But numerous studies have documented that as a group, nonprofits provide better care. All hospices within a geographic area receive the same daily payment per Medicare beneficiary, but patients enrolled in nonprofits receive more visits from nurses, social workers and therapists, according to a 2019 study by the consulting firm Milliman.
For-profits are more likely to discharge patients before they die, a particularly distressing experience for families. “It violates the implicit contract hospice makes, to care for patients through the end of life,” Dr. Atkins said.
Dr. Joan Teno, a Brown University health policy researcher, and her team reported in 2015 on these “burdensome transitions,” in which patients were discharged, hospitalized and then readmitted to hospice.
That happened to 12 percent of patients in for-profits affiliated with national chains, and to 18 percent of patients enrolled in for-profits that weren’t chain-affiliated — but to only 1.4 percent of patients in nonprofit hospices.
Dr. Teno’s latest study, undertaken with RAND Corporation, analyzes the family caregiver surveys that Medicare introduced in 2016. Using data from 653,208 respondents from 2017 to 2019, the researchers ranked about 31 percent of for-profit hospices as “low performers,” scoring well below the national average, compared with 12.5 percent of nonprofits.

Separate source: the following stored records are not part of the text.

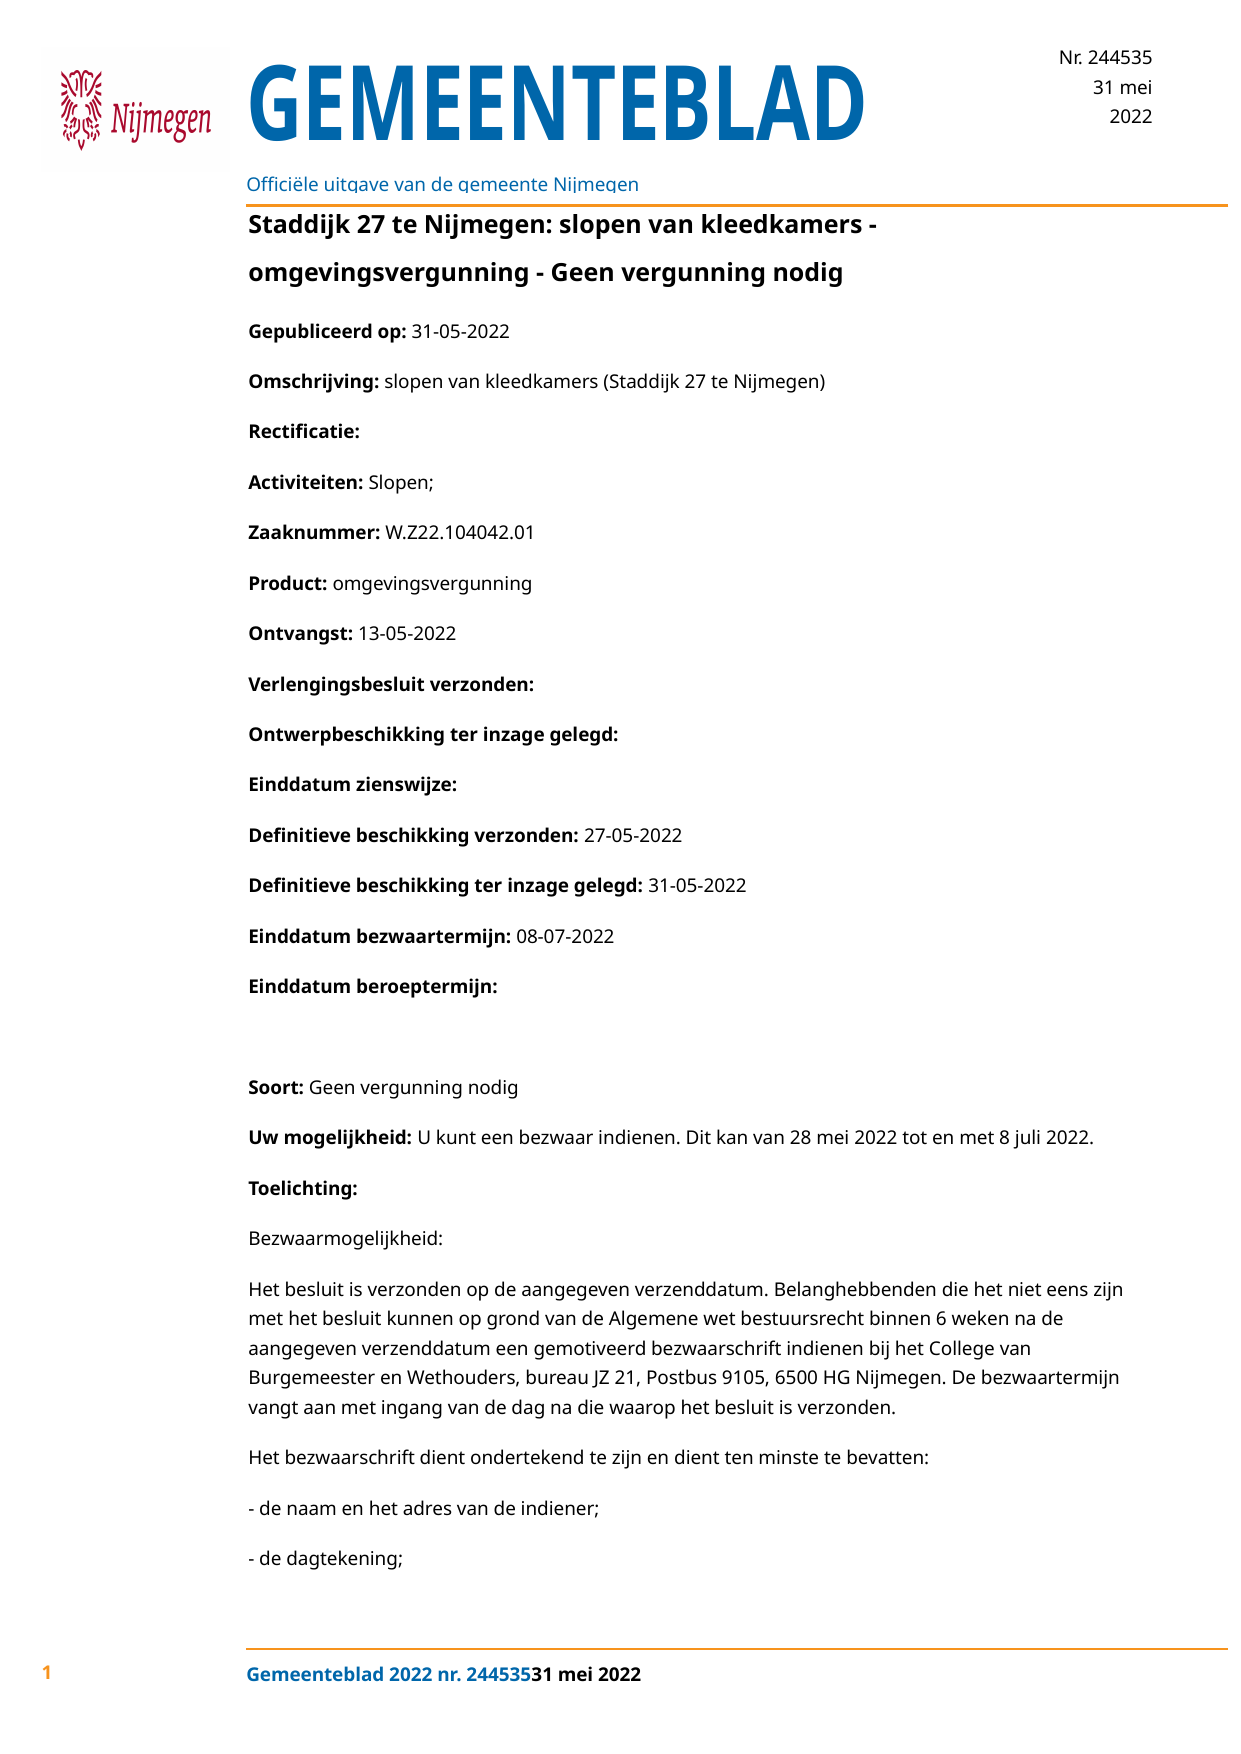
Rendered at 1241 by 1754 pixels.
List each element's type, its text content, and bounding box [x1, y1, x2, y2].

text Product: omgevingsvergunning [248, 570, 1152, 596]
text Einddatum zienswijze: [248, 772, 1152, 797]
text Einddatum bezwaartermijn: 08-07-2022 [248, 923, 1152, 949]
text Ontwerpbeschikking ter inzage gelegd: [248, 721, 1152, 747]
text Omschrijving: slopen van kleedkamers (Staddijk 27 te Nijmegen) [248, 368, 1152, 394]
text Gepubliceerd op: 31-05-2022 [248, 318, 1152, 344]
text Definitieve beschikking ter inzage gelegd: 31-05-2022 [248, 872, 1152, 898]
text Activiteiten: Slopen; [248, 469, 1152, 495]
text Het bezwaarschrift dient ondertekend te zijn en dient ten minste te bevatten: [248, 1444, 1152, 1470]
text Uw mogelijkheid: U kunt een bezwaar indienen. Dit kan van 28 mei 2022 tot en met 8 juli 2022. [248, 1124, 1152, 1150]
text Ontvangst: 13-05-2022 [248, 620, 1152, 646]
text - de dagtekening; [248, 1545, 1152, 1571]
text Toelichting: [248, 1175, 1152, 1201]
text Het besluit is verzonden op de aangegeven verzenddatum. Belanghebbenden die het niet eens zijn met het besluit kunnen op grond van de Algemene wet bestuursrecht binnen 6 weken na de aangegeven verzenddatum een gemotiveerd bezwaarschrift indienen bij het College van Burgemeester en Wethouders, bureau JZ 21, Postbus 9105, 6500 HG Nijmegen. De bezwaartermijn vangt aan met ingang van de dag na die waarop het besluit is verzonden. [248, 1276, 1152, 1420]
text - de naam en het adres van de indiener; [248, 1495, 1152, 1521]
text Bezwaarmogelijkheid: [248, 1225, 1152, 1251]
text Definitieve beschikking verzonden: 27-05-2022 [248, 822, 1152, 848]
picture [41, 47, 231, 172]
text Zaaknummer: W.Z22.104042.01 [248, 519, 1152, 545]
text Einddatum beroeptermijn: [248, 973, 1152, 999]
text Rectificatie: [248, 419, 1152, 444]
text Staddijk 27 te Nijmegen: slopen van kleedkamers - omgevingsvergunning - Geen vergunning nodig [248, 207, 1152, 288]
text Verlengingsbesluit verzonden: [248, 671, 1152, 697]
text Soort: Geen vergunning nodig [248, 1074, 1152, 1100]
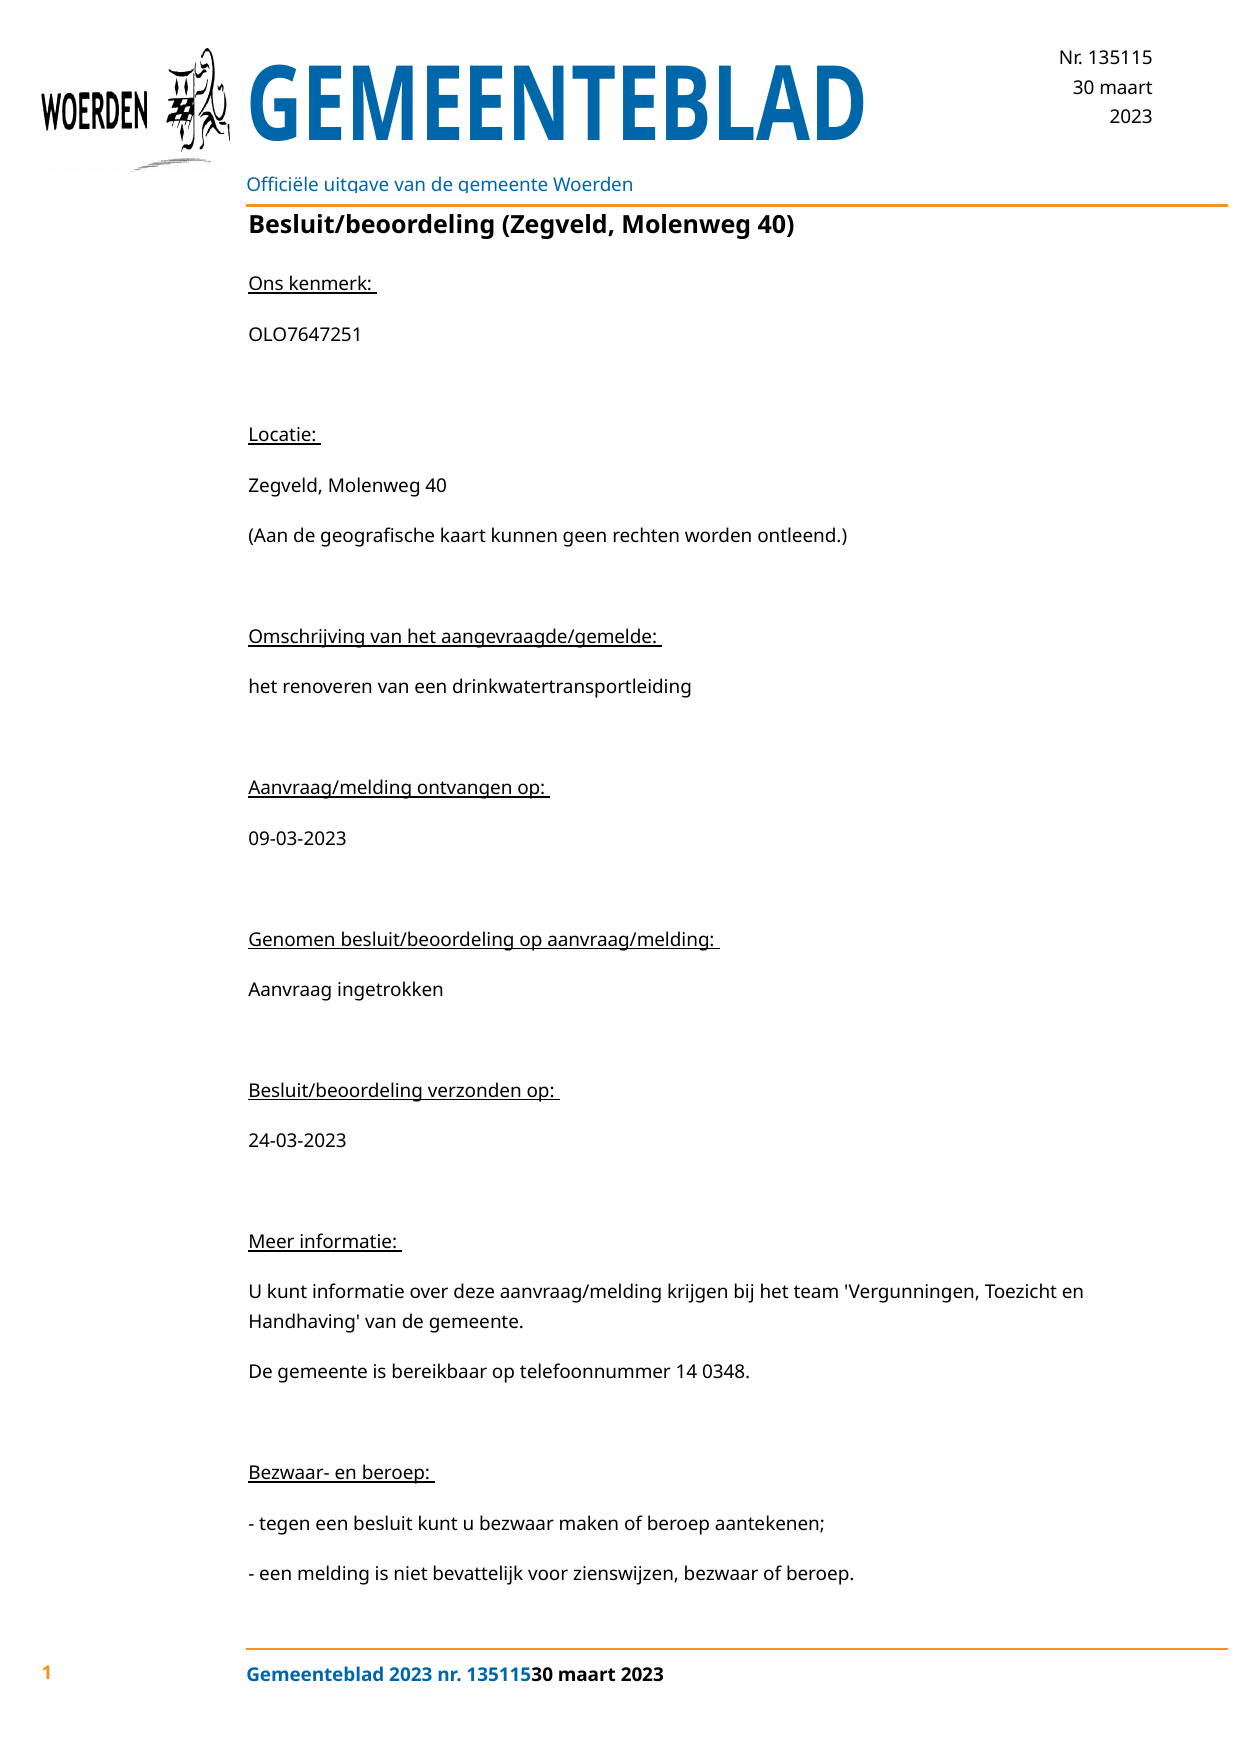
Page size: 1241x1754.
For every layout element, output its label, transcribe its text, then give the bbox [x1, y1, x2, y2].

text Aanvraag ingetrokken [248, 976, 1152, 1002]
text U kunt informatie over deze aanvraag/melding krijgen bij het team 'Vergunningen, Toezicht en Handhaving' van de gemeente. [248, 1279, 1152, 1334]
text OLO7647251 [248, 321, 1152, 346]
text Aanvraag/melding ontvangen op: [248, 774, 1152, 800]
text Meer informatie: [248, 1228, 1152, 1254]
text Locatie: [248, 422, 1152, 447]
text het renoveren van een drinkwatertransportleiding [248, 674, 1152, 699]
text De gemeente is bereikbaar op telefoonnummer 14 0348. [248, 1359, 1152, 1384]
text (Aan de geografische kaart kunnen geen rechten worden ontleend.) [248, 522, 1152, 548]
text Besluit/beoordeling (Zegveld, Molenweg 40) [248, 207, 1152, 241]
text Ons kenmerk: [248, 270, 1152, 296]
text Omschrijving van het aangevraagde/gemelde: [248, 623, 1152, 649]
text - tegen een besluit kunt u bezwaar maken of beroep aantekenen; [248, 1510, 1152, 1536]
text Bezwaar- en beroep: [248, 1459, 1152, 1485]
text Besluit/beoordeling verzonden op: [248, 1077, 1152, 1103]
text Genomen besluit/beoordeling op aanvraag/melding: [248, 926, 1152, 951]
text - een melding is niet bevattelijk voor zienswijzen, bezwaar of beroep. [248, 1560, 1152, 1586]
picture [41, 47, 231, 172]
text 24-03-2023 [248, 1127, 1152, 1153]
text 09-03-2023 [248, 825, 1152, 851]
text Zegveld, Molenweg 40 [248, 472, 1152, 498]

More than a third of nonprofits, but only 22 percent of for-profits, were “high performers.” In 2019, the Department of Health and Human Services’ inspector general’s office also reported that most hospices it identified as low-performing were for-profits.
Apart from such differences, the hospice industry has been plagued by fraud in several states. Investigations by The Los Angeles Times in 2020 and by the state auditor found that scores of new for-profit hospices were getting certified and billing Medicare in California.